LAUSR

In this study, we investigated the phytotoxicity of an imidazolium-based ionic liquid, 1-allyl-3-methylimidazolium chloride ([Amim]Cl), against maize seedlings. It was found that in response to an increase in [Amim]Cl treatment concentrations, there were significant decreases in growth parameters (fresh weights and lengths) and the photosynthetic pigment contents of maize plants, whereas in contrast, the malondialdehyde content increased. In order to determine the molecular basis of [Amim]Cl-induced plant growth inhibition, an RNA-Seq analysis to examine the gene expression profiles of selected central biological pathways was performed. And a total of 4024 genes that were differentially expressed between control and 400 mg/L [Amim]Cl-treated plants were accordingly identified. Pathway enrichment analysis for the differentially expressed genes revealed that 12 of 15 genes in the porphyrin and chlorophyll metabolic pathways were down-regulated in response to [Amim]Cl treatment. Moreover, all six genes encoding key chlorophyll synthetic enzymes were down-regulated by [Amim]Cl. With regards to plant hormone metabolic pathways, the genes encoding key enzymes involved in ethybilene and abscisic acid (ABA) biosynthesis were up-regulated in response to [Amim]Cl treatment.
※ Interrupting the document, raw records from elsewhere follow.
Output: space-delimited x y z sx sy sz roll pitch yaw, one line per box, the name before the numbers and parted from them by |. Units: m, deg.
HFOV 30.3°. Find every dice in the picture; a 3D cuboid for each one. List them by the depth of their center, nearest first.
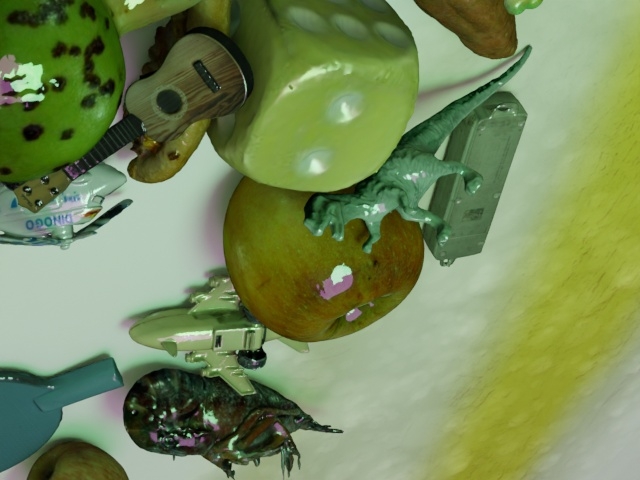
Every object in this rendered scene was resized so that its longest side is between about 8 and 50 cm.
dice | -0.016 -0.162 1.190 0.169 0.166 0.169 3 133 -32

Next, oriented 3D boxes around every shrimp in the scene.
shrimp | -0.128 0.259 1.645 0.172 0.137 0.372 -2 157 47

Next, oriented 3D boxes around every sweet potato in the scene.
sweet potato | 0.146 -0.262 1.228 0.097 0.097 0.251 -34 139 10

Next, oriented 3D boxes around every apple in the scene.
apple | 0.000 0.000 1.377 0.237 0.207 0.237 -23 160 -9
apple | -0.330 0.342 1.601 0.146 0.146 0.131 -33 118 8

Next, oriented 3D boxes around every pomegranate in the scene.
pomegranate | -0.255 -0.195 1.018 0.286 0.231 0.231 -56 141 -10

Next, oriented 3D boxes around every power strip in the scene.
power strip | 0.192 -0.079 1.491 0.078 0.052 0.272 -9 137 -20

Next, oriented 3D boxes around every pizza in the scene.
pizza | -0.150 -0.142 1.183 0.058 0.127 0.246 6 147 -30

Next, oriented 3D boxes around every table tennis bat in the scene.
table tennis bat | -0.411 0.226 1.508 0.329 0.044 0.215 -22 140 -1

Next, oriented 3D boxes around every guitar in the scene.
guitar | -0.184 -0.105 1.123 0.271 0.038 0.084 -31 106 20

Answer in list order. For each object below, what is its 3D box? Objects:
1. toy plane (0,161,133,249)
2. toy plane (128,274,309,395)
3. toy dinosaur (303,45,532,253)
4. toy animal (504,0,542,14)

Genes responsible for gibberellin (GA) inactivation were also stimulated by [Amim]Cl. These observations indicate that [Amim]Cl may promote the biosynthesis of senescence-related hormones (ethylene and ABA) as well as inactivation of growth-promoting hormones (GAs). It might be concluded that the observed [Amim]Cl-induced inhibition of maize seedling growth could be associated with changes in the gene expression profiles of these metabolic pathways.